We set a course for Sandborne Channel, the western entrance to the Caicos Bank.  We got pounded by the oncoming seas again all night long.  I was approaching exhaustion, and needed some sleep.  La Gringa took the watch while I tried, but between rain squalls, pounding waves, and electrical problems, sleep was impossible.  We determined that our batteries didn't have enough juice to run everything we wanted to run, so we were down to just our low power LED mast lights, GPS, and autopilot.   We watched the battery voltage dropping from 14, to 13, to 12, to 11, to 10 volts....  I fired up our little Honda generator, and used that to power the battery charger.  But the generator kept stopping.  And still, the voltage kept dropping, although the rate of decline slowed.   We started seeing big ships crossing our path, as we were crossing shipping lanes in the Caicos Passage, and it was very, very nervous out.  One time I tried to call one of the larger ships on the radio to be sure they saw us, but the radio would not transmit.  It said "Low Power".   So I went out into the rain and used our handheld spotlight to shine at the ship, and to illuminate the side of our boat.   We'll never know if they saw us and altered course, or if they just blindly kept going and were unaware of us.  In either case, they passed behind us.  It was a real, real long night.

Shortly after dawn on the third day of sailing, West Caicos passed to our right.  This was an extremely welcome sight.   A familiar place, after two months of nothing but strange.


As the sun came up,   we saw the battery voltage drop to 9.8 volts.   The auto pilot was making funny noises before dawn.  The radio didn't work at all.   Isn't it amazing how long it takes for dawn to come when you're praying for it?   The generator ran out of fuel around 08:00. But by this time, we could have navigated our way home blindfolded.

West Harbour/Osprey Rock looked like home, too.



You can probably tell that we were still getting clobbered by the wind and waves in our face.  We were doing 3.5 knots at this point, and yet we still managed to pass a small monohull motoring in the same direction.

I finally realized where Turtle Rock got it's name....from this direction it actually looks like a turtle, sort of.  If you squint your eyes and hold your mouth just right..



We pulled into South Side Marina at midday.  Bob was there to grab our lines and help us tie up.  As an added bonus, the crew of the schooner Star of the Sea was in and we got to visit with some old friends for a few hours.   After hearing some of our story about the lightning strike damage, Capt.
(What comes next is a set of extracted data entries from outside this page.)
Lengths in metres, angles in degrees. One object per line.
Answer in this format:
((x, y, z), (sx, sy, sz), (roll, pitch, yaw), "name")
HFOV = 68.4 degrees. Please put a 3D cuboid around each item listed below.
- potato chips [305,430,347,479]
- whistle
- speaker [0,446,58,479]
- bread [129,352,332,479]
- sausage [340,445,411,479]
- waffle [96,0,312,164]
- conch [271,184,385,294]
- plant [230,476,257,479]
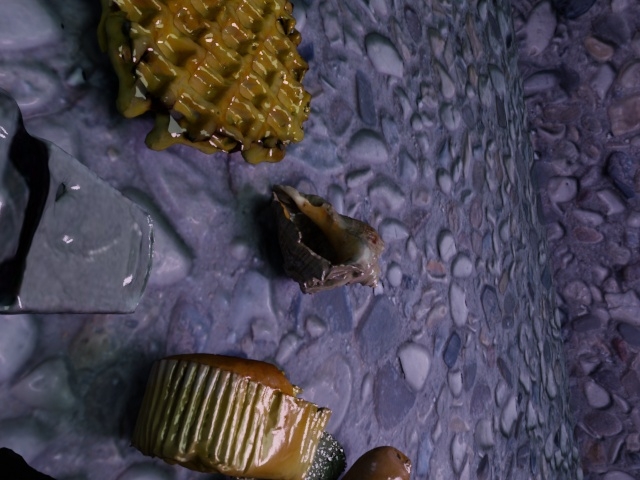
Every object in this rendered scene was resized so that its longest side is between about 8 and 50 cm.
((-0.031, 0.388, 0.755), (0.228, 0.059, 0.167), (33, 68, -59), "potato chips")
((-0.294, -0.022, 0.405), (0.404, 0.188, 0.168), (18, 71, -48), "whistle")
((-0.317, 0.330, 0.341), (0.388, 0.180, 0.184), (-27, 110, -49), "speaker")
((-0.108, 0.224, 0.599), (0.250, 0.179, 0.133), (36, 54, -41), "bread")
((0.009, 0.555, 0.720), (0.501, 0.136, 0.123), (-63, 147, -30), "sausage")
((-0.152, -0.300, 0.691), (0.379, 0.095, 0.382), (-8, 88, -51), "waffle")
((0.000, 0.000, 0.781), (0.163, 0.178, 0.245), (-43, 91, 0), "conch")
((-0.140, 0.372, 0.636), (0.122, 0.104, 0.116), (25, 26, -16), "plant")
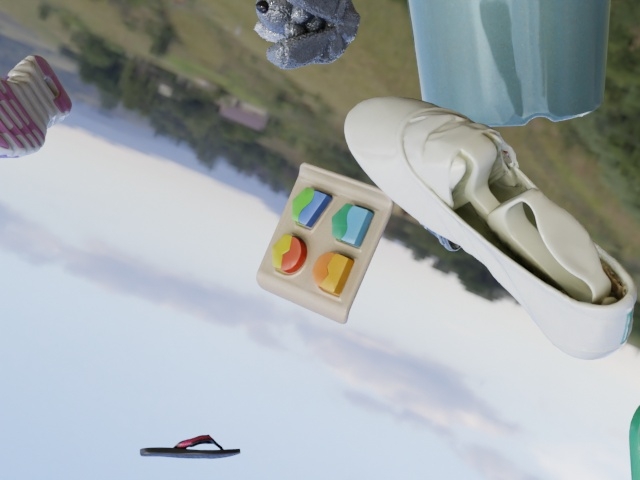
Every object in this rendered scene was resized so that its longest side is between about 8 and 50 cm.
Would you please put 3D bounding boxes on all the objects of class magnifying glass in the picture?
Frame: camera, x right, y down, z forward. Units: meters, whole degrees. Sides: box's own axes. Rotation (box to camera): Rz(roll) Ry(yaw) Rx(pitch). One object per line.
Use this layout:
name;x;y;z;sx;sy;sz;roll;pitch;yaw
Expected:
magnifying glass;0.373;0.281;1.443;0.092;0.231;0.026;32;157;-19

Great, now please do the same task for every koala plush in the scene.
koala plush;-0.054;-0.469;2.644;0.203;0.196;0.221;-5;-157;-39

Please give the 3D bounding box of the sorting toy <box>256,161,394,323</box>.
sorting toy;0.000;0.000;1.918;0.193;0.208;0.038;21;-178;39

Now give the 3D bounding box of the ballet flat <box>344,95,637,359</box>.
ballet flat;0.191;-0.043;1.373;0.400;0.139;0.139;46;-171;15

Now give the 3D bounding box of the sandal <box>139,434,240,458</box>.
sandal;-0.230;0.364;2.262;0.179;0.040;0.067;3;162;-5

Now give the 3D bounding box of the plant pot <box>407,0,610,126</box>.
plant pot;0.255;-0.342;1.744;0.341;0.334;0.341;-4;-163;1

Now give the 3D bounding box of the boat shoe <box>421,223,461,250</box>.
boat shoe;0.231;-0.088;2.112;0.119;0.121;0.335;49;168;18

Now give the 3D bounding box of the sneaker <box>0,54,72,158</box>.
sneaker;-0.361;-0.132;1.419;0.095;0.104;0.236;61;-166;-13

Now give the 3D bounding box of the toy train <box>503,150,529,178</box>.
toy train;0.315;-0.123;2.210;0.125;0.046;0.166;45;172;-8
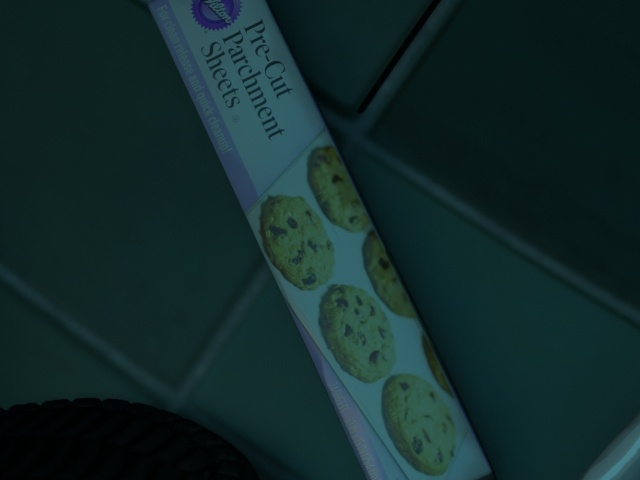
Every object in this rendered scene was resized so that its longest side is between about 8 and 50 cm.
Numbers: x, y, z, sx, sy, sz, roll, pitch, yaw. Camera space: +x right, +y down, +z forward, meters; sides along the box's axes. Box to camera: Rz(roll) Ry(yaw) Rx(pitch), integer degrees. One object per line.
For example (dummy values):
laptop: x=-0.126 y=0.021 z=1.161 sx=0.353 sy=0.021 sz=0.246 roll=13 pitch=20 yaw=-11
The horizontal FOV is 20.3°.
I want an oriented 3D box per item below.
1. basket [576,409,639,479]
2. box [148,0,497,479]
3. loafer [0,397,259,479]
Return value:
basket: x=0.302 y=0.161 z=0.797 sx=0.331 sy=0.266 sz=0.328 roll=-44 pitch=75 yaw=-3
box: x=0.000 y=0.000 z=0.985 sx=0.067 sy=0.063 sz=0.324 roll=-25 pitch=75 yaw=2
loafer: x=-0.200 y=0.167 z=0.966 sx=0.365 sy=0.134 sz=0.130 roll=-3 pitch=104 yaw=18
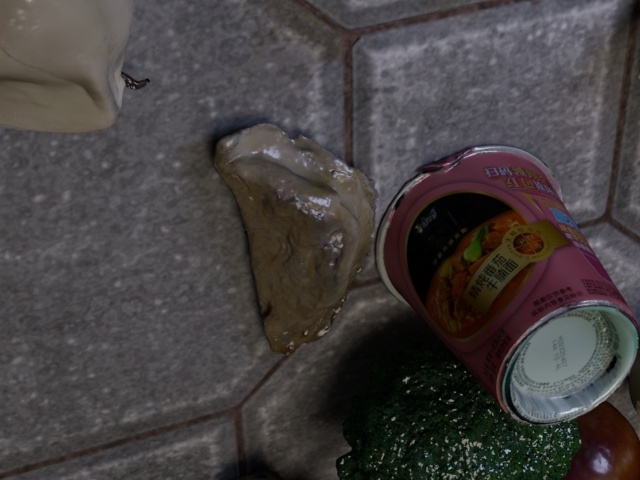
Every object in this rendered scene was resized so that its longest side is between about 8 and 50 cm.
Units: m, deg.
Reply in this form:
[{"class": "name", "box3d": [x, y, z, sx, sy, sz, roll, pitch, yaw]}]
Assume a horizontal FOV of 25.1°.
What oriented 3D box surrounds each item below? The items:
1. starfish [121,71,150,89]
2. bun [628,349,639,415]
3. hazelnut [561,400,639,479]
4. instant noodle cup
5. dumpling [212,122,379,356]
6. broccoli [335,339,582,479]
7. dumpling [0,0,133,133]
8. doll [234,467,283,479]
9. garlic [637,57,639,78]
[{"class": "starfish", "box3d": [-0.217, -0.162, 1.294, 0.133, 0.041, 0.130, 3, 133, -36]}, {"class": "bun", "box3d": [0.531, 0.155, 1.830, 0.287, 0.146, 0.287, -4, 161, -1]}, {"class": "hazelnut", "box3d": [0.306, 0.291, 1.841, 0.204, 0.178, 0.178, -22, 142, 35]}, {"class": "instant noodle cup", "box3d": [0.212, 0.056, 1.538, 0.244, 0.255, 0.243, -12, 128, -16]}, {"class": "dumpling", "box3d": [-0.002, 0.004, 1.509, 0.166, 0.086, 0.332, -21, 137, -6]}, {"class": "broccoli", "box3d": [0.147, 0.236, 1.666, 0.295, 0.245, 0.265, -31, 90, -4]}, {"class": "dumpling", "box3d": [-0.282, -0.225, 1.137, 0.260, 0.181, 0.341, -5, 154, -2]}, {"class": "doll", "box3d": [0.003, 0.341, 1.780, 0.286, 0.091, 0.202, 8, 156, -18]}, {"class": "garlic", "box3d": [0.504, -0.229, 1.506, 0.313, 0.286, 0.249, 13, 164, -27]}]

Bob handed me a spare VHF radio for the boat.   And you KNOW you've got  a good story when missionaries start giving you equipment.

We had friends from the USA who were looking after our other life for us while we were off playing sailors.  It's not good to let houses, automobiles or dogs  unattended for long in a tropical climate.   Something invariably goes bad.   This was our first time with people staying in our house while we were away from the island. It seems to have worked out very well.  We knew the house was being looked after,  they had a free place to stay and vehicles to drive for an extended tropical holiday, and Dooley the Delighted.... well he got spoiled silly.  The little booger is now on a first name basis with half the restaurant waiters on Provo.

They met us at the marina and after we cleared Customs and Immigration we were free to step ashore.  We had been gone almost seven weeks, and there was a joyful reunion as La Gringa and Dooley spotted each other.  By the time I remembered to grab the camera, most of the initial excitement had settled down as everyone caught their breath.  Oh my gosh it was something to behold.  Running up and down the dock.  Leaping in the air. Squealing, tail wagging, hugging, kissing..... Dooley and I had never seen La Gringa act like that before and could just watch her in amazement.  Then she finally  sat down to catch her breath and released him   so he could run over and tell me hello, too.



Since leaving our last nights sleep in Calabash Bay, we had been up for 54 hours.   My opinion is now that this is too much.   I don't particularly ever want to do that again, but it's also nice to know that the two of us can handle it if we have to. 

Of course the dog immediately appropriated the boat and explored every nook and cranny that he could get to with the hatches closed. And the S/V Twisted Sheets is now officially Dooley authorized.



He did want to know where I planned to install a fire hydrant.

We were very glad to be at South Side Marina, and to have a place to keep the boat just a short drive from the house.   We noticed that Bob has been making great progress on the new restaurant/bar on the hill.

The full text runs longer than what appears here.